Willoughby cites Grayson v. State (1992), Ind. App., 593 N.E.2d 1200, for the proposition that he is entitled to the credit for time spent confined in Hamilton County and if Hamilton County did not sentence him on the criminal recklessness conviction and credit his sentence for that confinement period, then the Marion County court must do so. We do not agree. In Grayson, the trial court sentenced Grayson for a crime committed while on probation. The trial court did not give Grayson any pretrial confinement credit because it did not know if Grayson's probation had been revoked and if credit for the confinement had been applied to that sentence, apparently concerned that Grayson not be allowed double credit. Ind. Code 35-50-1-2 provides that if, after being arrested for one crime, a person commits another crime before the date the person is discharged from probation for the first crime, then the terms of imprisonment for the crimes must be served consecutively. Noting that when a defendant is given consecutive sentences, the defendant is entitled to credit against only the aggregate sentence, citing Lanham v. State (1989), Ind. App., 540 N.E.2d 612, trans. denied, the court in Grayson remanded to the trial court with instructions to make the appropriate determinations with respect to the probation revocation sentence and any credit given and to credit Grayson's sentence accordingly.
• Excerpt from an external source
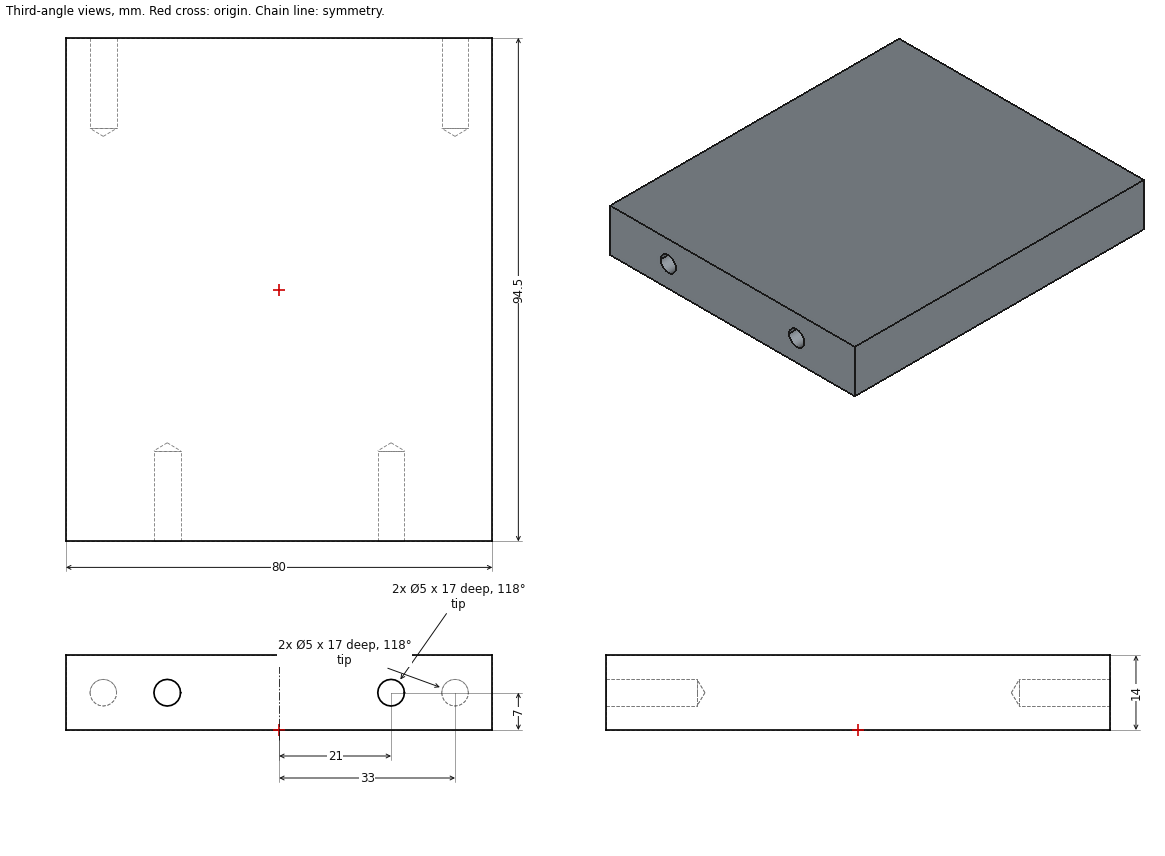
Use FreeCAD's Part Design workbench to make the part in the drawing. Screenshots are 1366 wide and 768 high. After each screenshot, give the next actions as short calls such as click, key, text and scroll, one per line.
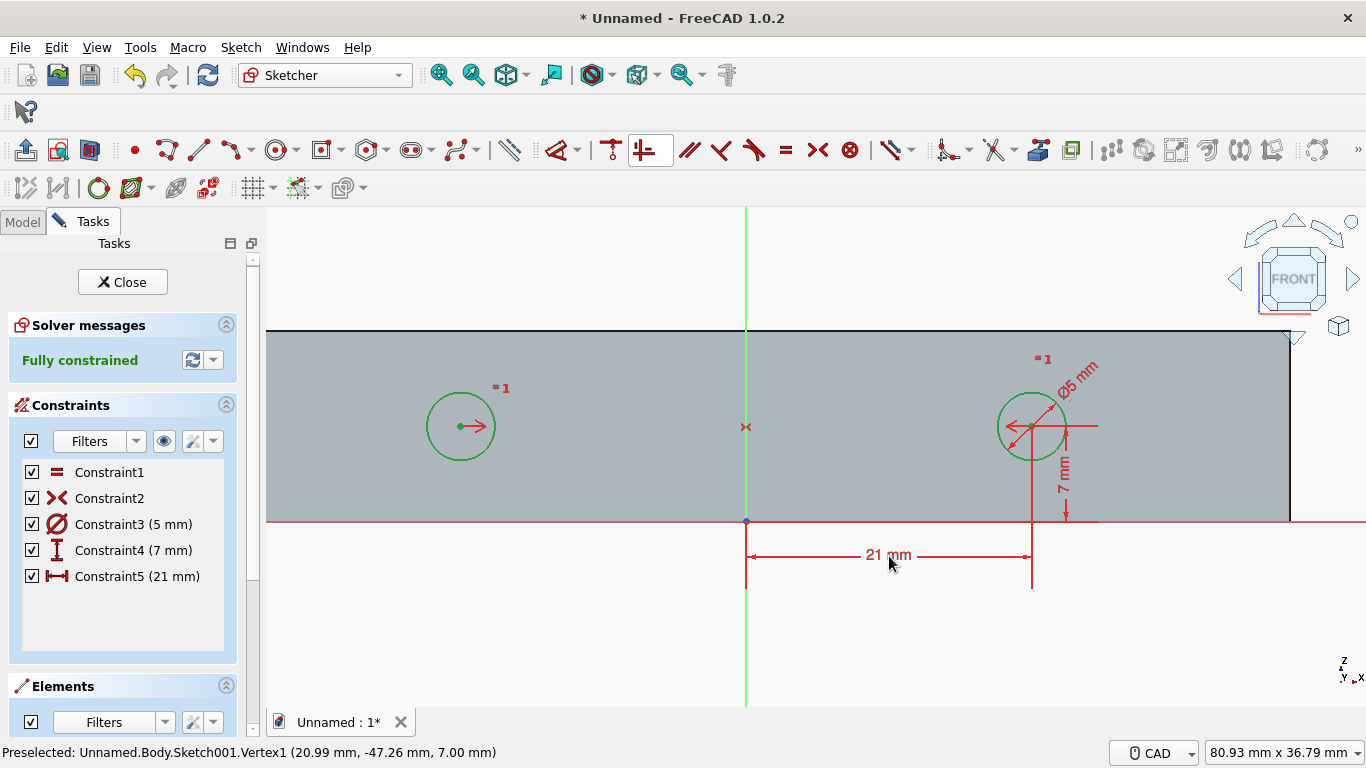
click(123, 282)

The court in Grayson erroneously relied on Lanham in reaching its conclusion. In Lanham, the trial court imposed sentences on the two counts the defendant was convicted of and ordered the sentences to run consecutively. Pretrial confinement credit was applied only to one sentence. This was affirmed on appeal, following the rule that states: "where a defendant is confined during the same time period for multiple offenses for which he is convicted and sentenced to consecutive terms, credit is applied against the aggregate sentence." Id. at 613. We agree with this rule of law, but do not agree it is applicable in a situation where one court is imposing a sentence that may have to run consecutive to a sentence imposed on an unrelated charge, as was the situation in Grayson and here. This is so because credit is to be applied for confinement time that is a result of the charge for which the defendant is being sentenced. In essence, each court is responsible only for crediting time in confinement as a result of the charge for which that court is sentencing the defendant. *603 We decline to follow the language in Grayson that suggests otherwise.

AFFIRMED.

SHARPNACK, C.J., and FRIEDLANDER, J., concur.